Collected data entries:
********************

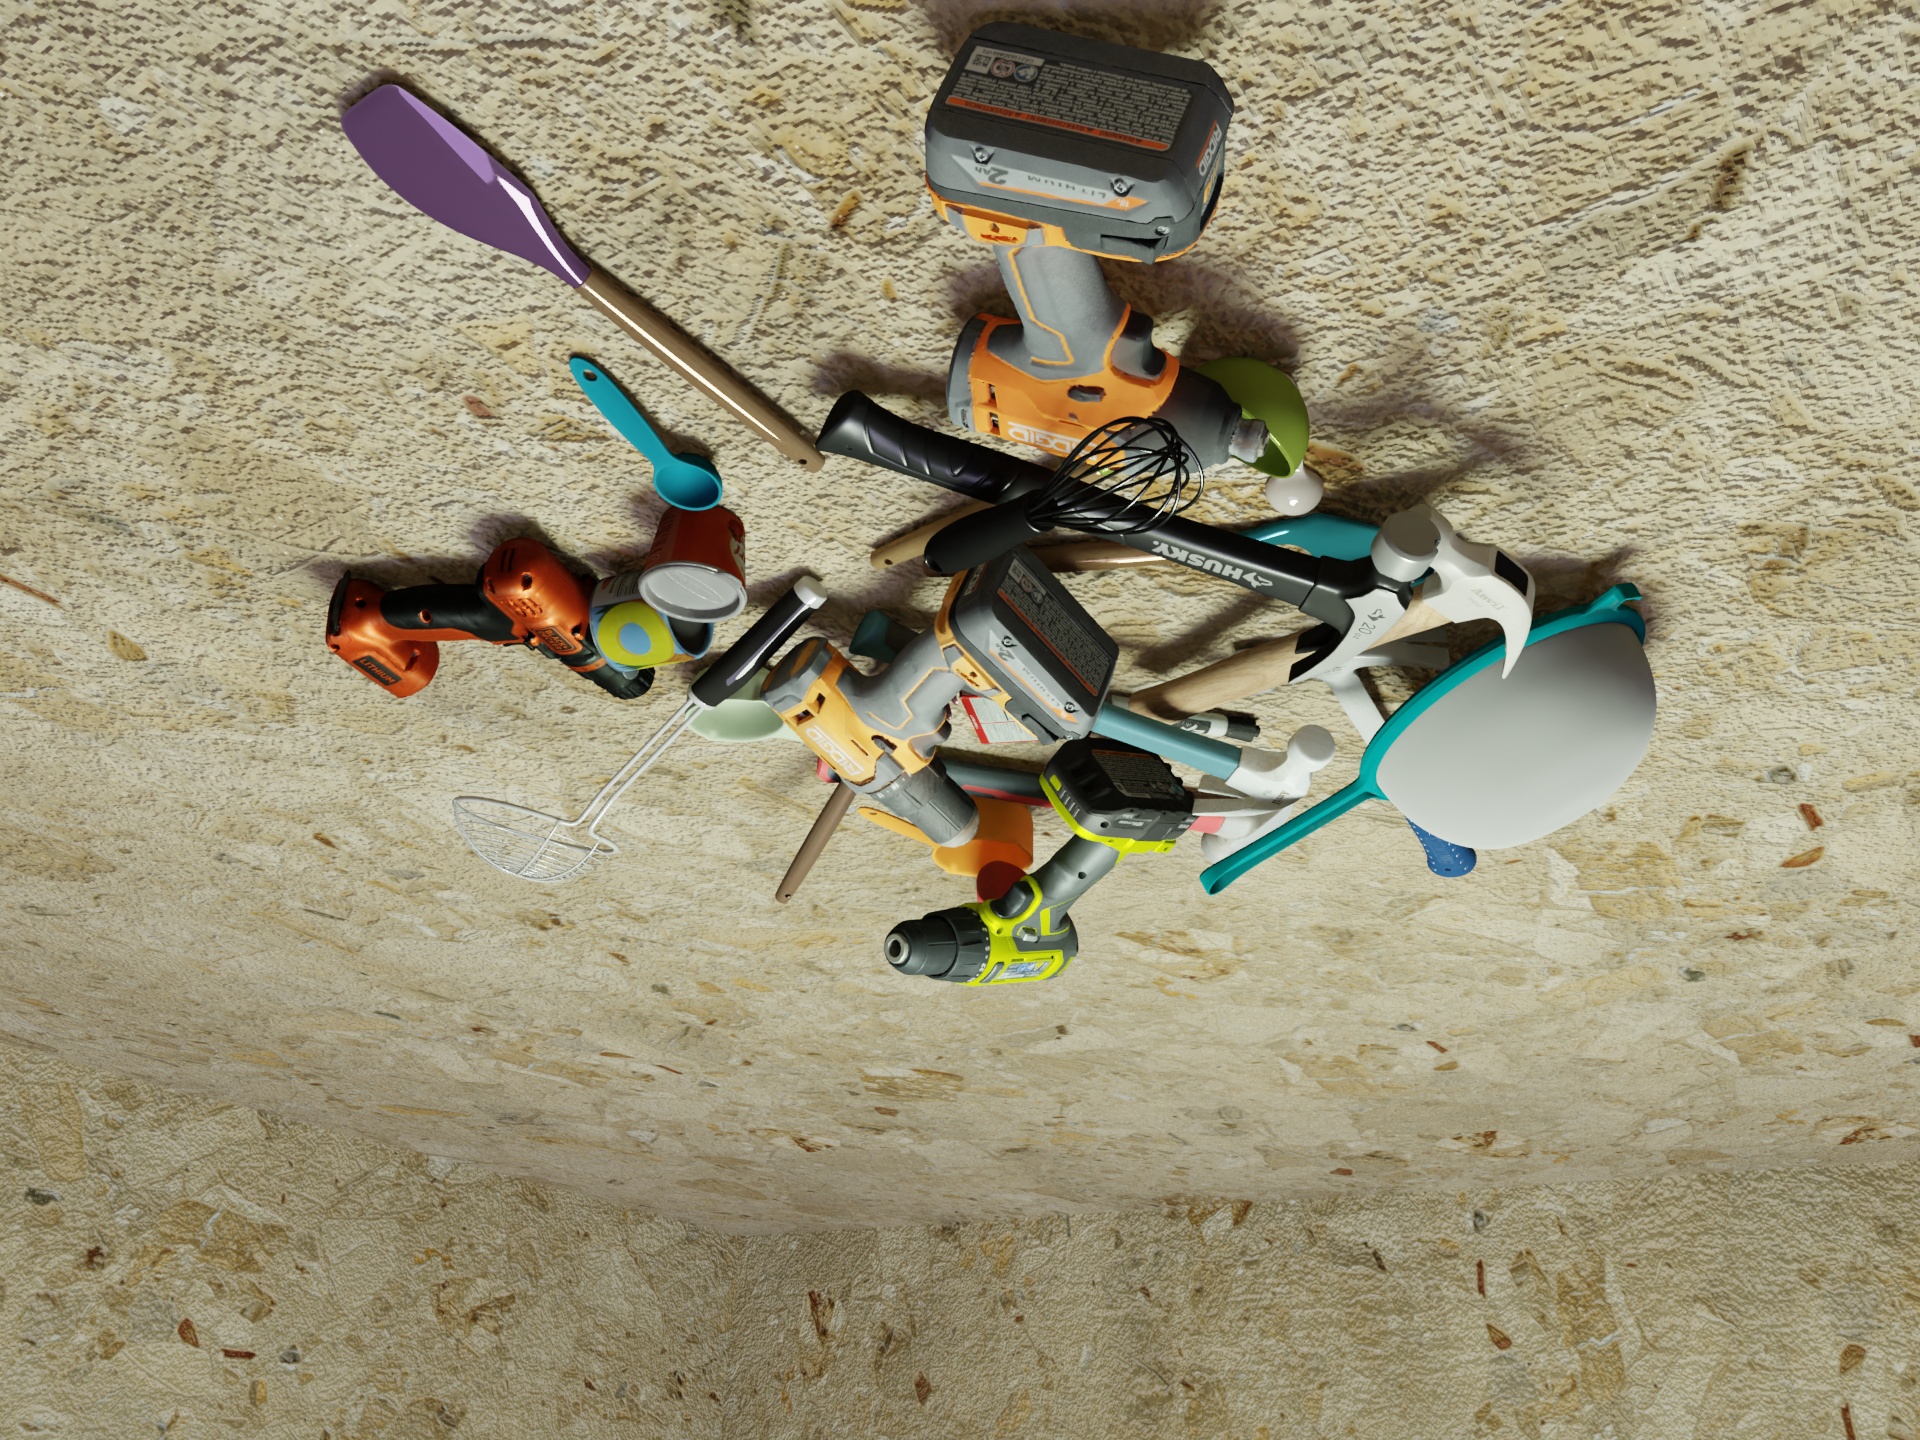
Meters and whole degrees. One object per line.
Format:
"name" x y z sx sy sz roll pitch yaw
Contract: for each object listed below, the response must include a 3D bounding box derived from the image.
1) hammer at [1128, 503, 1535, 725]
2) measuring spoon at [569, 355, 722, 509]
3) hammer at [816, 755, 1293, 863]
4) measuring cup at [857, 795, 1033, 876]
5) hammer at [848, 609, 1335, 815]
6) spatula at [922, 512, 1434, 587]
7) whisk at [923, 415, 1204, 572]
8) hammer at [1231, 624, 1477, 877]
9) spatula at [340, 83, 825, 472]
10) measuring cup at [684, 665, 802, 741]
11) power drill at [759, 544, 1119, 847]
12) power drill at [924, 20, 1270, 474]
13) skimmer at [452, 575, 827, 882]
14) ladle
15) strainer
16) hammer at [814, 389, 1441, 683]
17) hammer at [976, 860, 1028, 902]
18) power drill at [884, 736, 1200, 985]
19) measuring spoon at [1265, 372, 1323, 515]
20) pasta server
"hammer" 0.221 -0.043 1.014 0.130 0.031 0.331 29 153 -22
"measuring spoon" -0.182 -0.171 0.925 0.042 0.021 0.128 -11 140 27
"hammer" 0.076 0.051 1.297 0.386 0.038 0.143 10 151 -12
"measuring cup" -0.013 0.082 1.354 0.173 0.052 0.095 24 147 -30
"hammer" 0.082 -0.009 1.103 0.331 0.033 0.128 20 153 -1
"spatula" 0.129 -0.098 0.994 0.317 0.044 0.082 -3 156 14
"whisk" 0.043 -0.106 0.816 0.055 0.055 0.239 18 165 -26
"hammer" 0.344 0.035 1.235 0.144 0.035 0.405 -11 150 26
"spatula" -0.180 -0.215 0.830 0.060 0.018 0.315 -16 146 35
"measuring cup" -0.131 -0.007 1.216 0.167 0.038 0.083 13 151 -34
"power drill" -0.002 -0.003 1.051 0.226 0.084 0.185 -25 119 41
"power drill" 0.069 -0.197 0.735 0.164 0.084 0.226 18 157 13
"skimmer" -0.230 0.002 1.150 0.363 0.090 0.127 -42 133 22
"ladle" 0.059 -0.132 0.926 0.320 0.062 0.078 -18 134 40
"strainer" 0.327 0.055 1.066 0.340 0.095 0.210 -31 152 8
"hammer" 0.080 -0.111 0.881 0.335 0.035 0.146 19 152 1
"hammer" 0.028 0.181 1.482 0.149 0.037 0.359 -1 164 3
"power drill" 0.059 0.120 1.220 0.190 0.080 0.228 7 130 -48
"measuring spoon" 0.187 -0.153 0.906 0.034 0.018 0.124 -4 151 15
"pasta server" -0.087 0.057 1.248 0.060 0.040 0.316 11 136 -23

********************

Task description – Print again the lines of the entries above that fall between the line holding "18) power drill at [884, 736, 1200, 985]" and the line holding "19) measuring spoon at [1265, 372, 1323, 515]", inclusive, exactly as they stand.

Answer below –
18) power drill at [884, 736, 1200, 985]
19) measuring spoon at [1265, 372, 1323, 515]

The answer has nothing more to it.